### Your objective
Repeat every line of the data exactly; no picture belongs in the copy.

### Input
==================================================

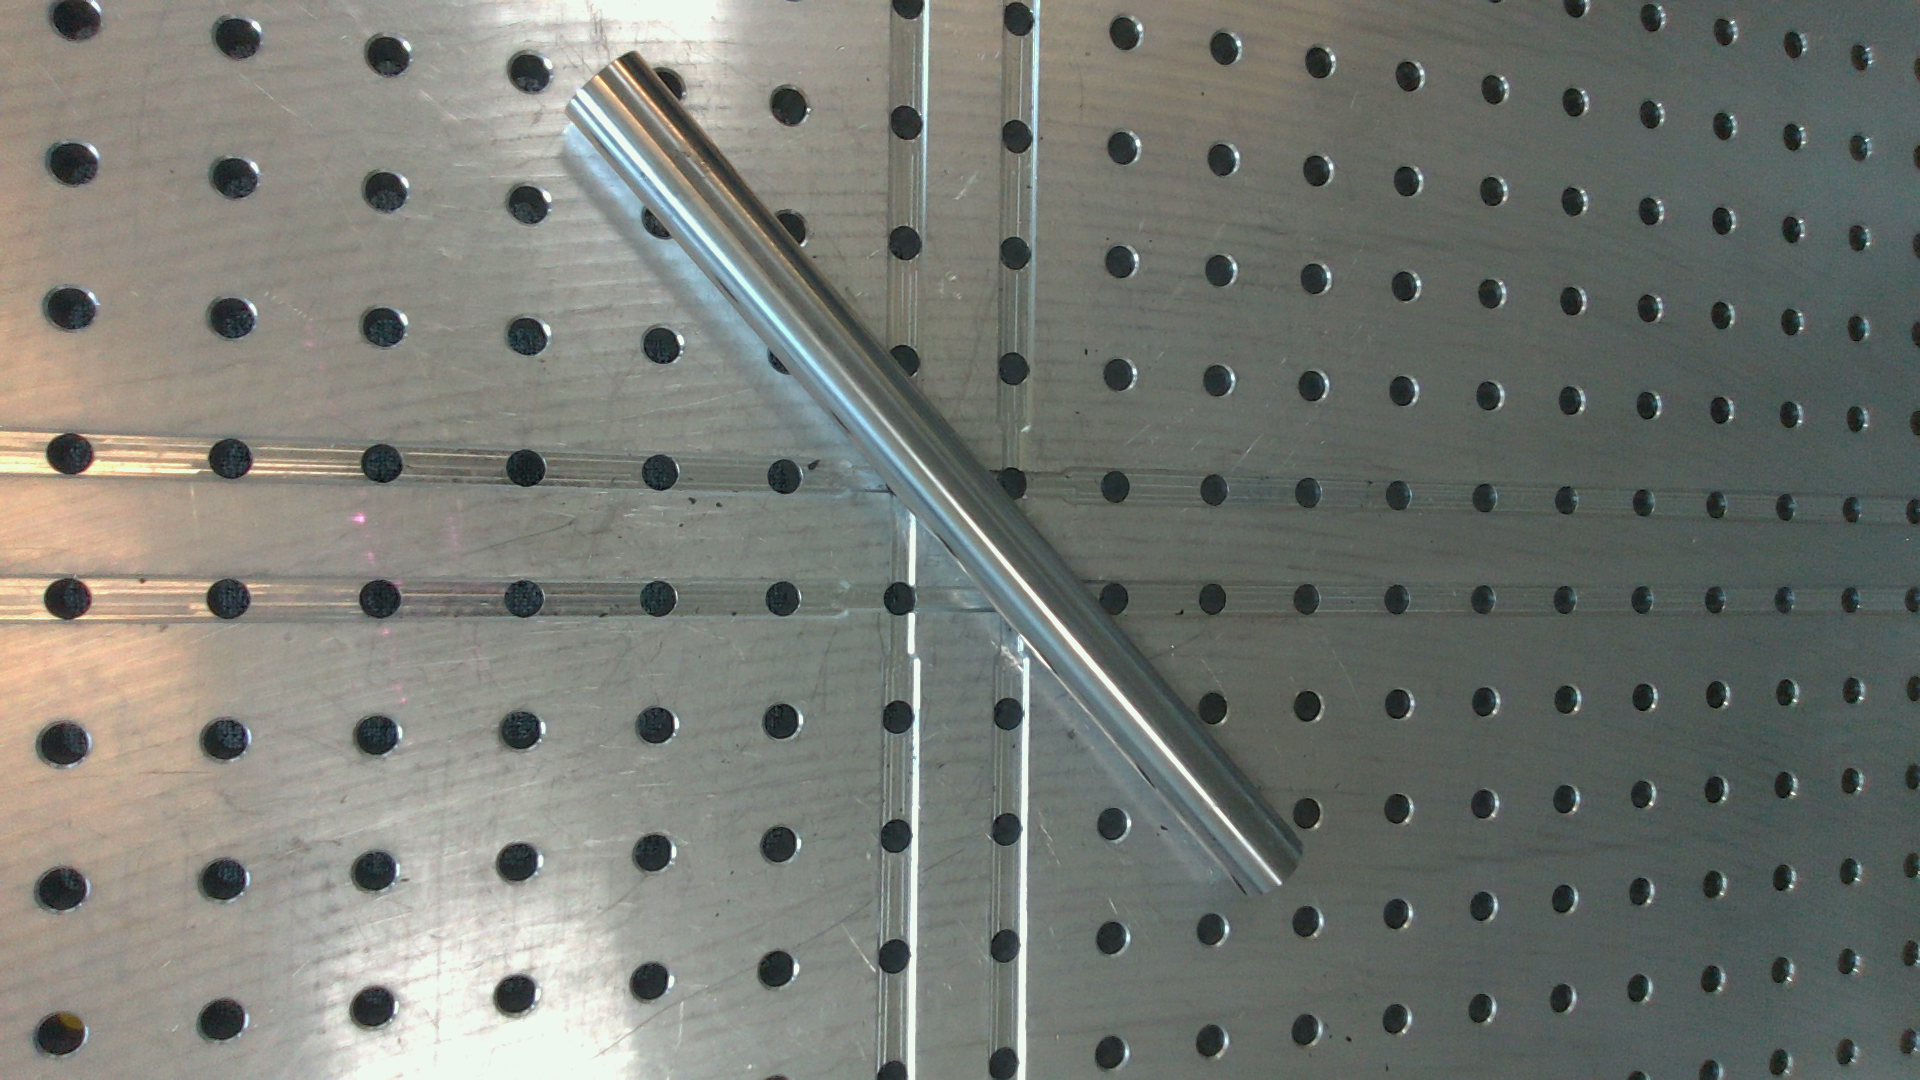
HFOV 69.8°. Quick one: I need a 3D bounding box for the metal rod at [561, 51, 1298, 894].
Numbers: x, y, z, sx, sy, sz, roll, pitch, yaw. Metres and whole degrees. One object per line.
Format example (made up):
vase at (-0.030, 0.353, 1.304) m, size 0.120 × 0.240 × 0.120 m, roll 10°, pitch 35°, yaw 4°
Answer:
metal rod at (0.000, -0.010, 0.396) m, size 0.025 × 0.025 × 0.300 m, roll -44°, pitch 104°, yaw -14°
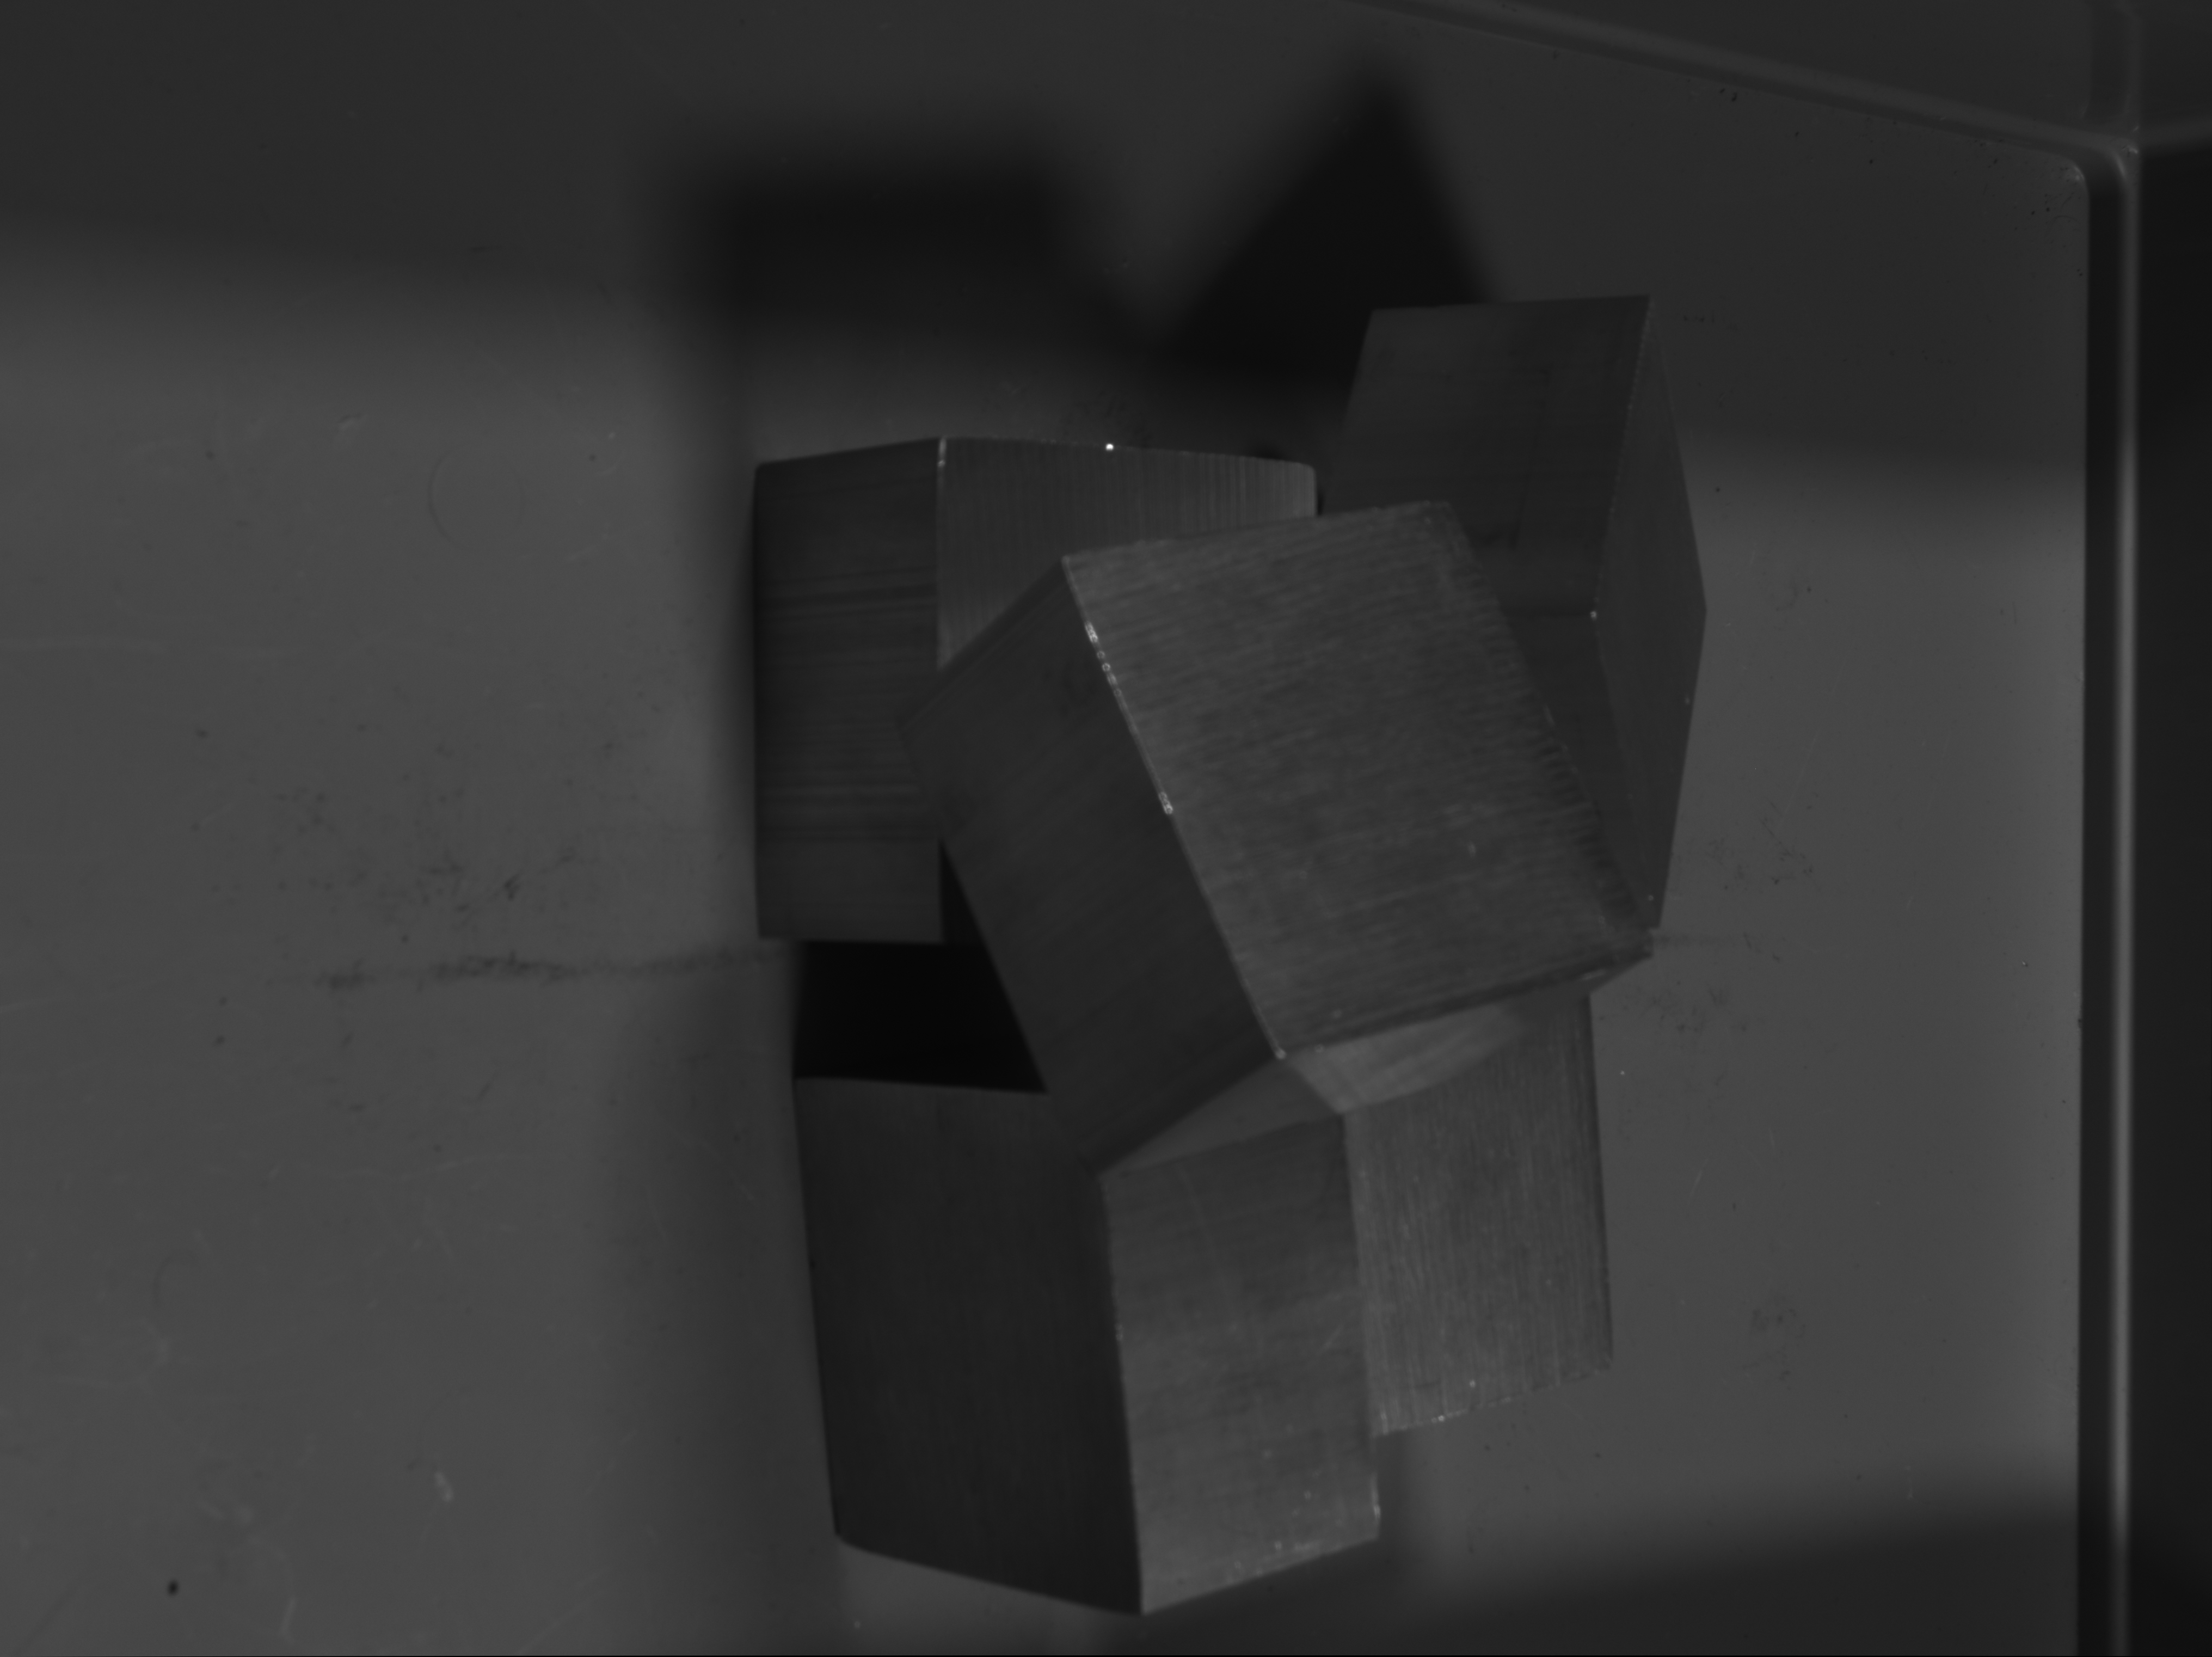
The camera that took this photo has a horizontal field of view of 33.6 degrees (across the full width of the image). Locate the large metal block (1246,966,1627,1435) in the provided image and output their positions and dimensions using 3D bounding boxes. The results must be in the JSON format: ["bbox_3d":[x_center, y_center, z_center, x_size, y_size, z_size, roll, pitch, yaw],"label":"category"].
[{"bbox_3d":[0.045,0.062,0.654,0.080,0.050,0.080,-7,94,-40],"label":"large metal block"}]

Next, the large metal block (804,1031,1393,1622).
[{"bbox_3d":[-0.002,0.078,0.598,0.050,0.080,0.080,-8,95,-39],"label":"large metal block"}]

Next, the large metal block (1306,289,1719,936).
[{"bbox_3d":[0.075,-0.037,0.649,0.080,0.050,0.080,70,27,-45],"label":"large metal block"}]

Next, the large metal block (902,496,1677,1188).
[{"bbox_3d":[0.028,0.000,0.558,0.080,0.050,0.080,-12,72,-39],"label":"large metal block"}]

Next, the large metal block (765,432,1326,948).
[{"bbox_3d":[-0.009,-0.022,0.612,0.080,0.050,0.080,-1,91,-40],"label":"large metal block"}]

==================================================

### Answer to this task
HFOV 69.8°. Quick one: I need a 3D bounding box for the metal rod at [561, 51, 1298, 894].
Numbers: x, y, z, sx, sy, sz, roll, pitch, yaw. Metres and whole degrees. One object per line.
Format example (made up):
vase at (-0.030, 0.353, 1.304) m, size 0.120 × 0.240 × 0.120 m, roll 10°, pitch 35°, yaw 4°
Answer:
metal rod at (0.000, -0.010, 0.396) m, size 0.025 × 0.025 × 0.300 m, roll -44°, pitch 104°, yaw -14°
The camera that took this photo has a horizontal field of view of 33.6 degrees (across the full width of the image). Locate the large metal block (1246,966,1627,1435) in the provided image and output their positions and dimensions using 3D bounding boxes. The results must be in the JSON format: ["bbox_3d":[x_center, y_center, z_center, x_size, y_size, z_size, roll, pitch, yaw],"label":"category"].
[{"bbox_3d":[0.045,0.062,0.654,0.080,0.050,0.080,-7,94,-40],"label":"large metal block"}]

Next, the large metal block (804,1031,1393,1622).
[{"bbox_3d":[-0.002,0.078,0.598,0.050,0.080,0.080,-8,95,-39],"label":"large metal block"}]

Next, the large metal block (1306,289,1719,936).
[{"bbox_3d":[0.075,-0.037,0.649,0.080,0.050,0.080,70,27,-45],"label":"large metal block"}]

Next, the large metal block (902,496,1677,1188).
[{"bbox_3d":[0.028,0.000,0.558,0.080,0.050,0.080,-12,72,-39],"label":"large metal block"}]

Next, the large metal block (765,432,1326,948).
[{"bbox_3d":[-0.009,-0.022,0.612,0.080,0.050,0.080,-1,91,-40],"label":"large metal block"}]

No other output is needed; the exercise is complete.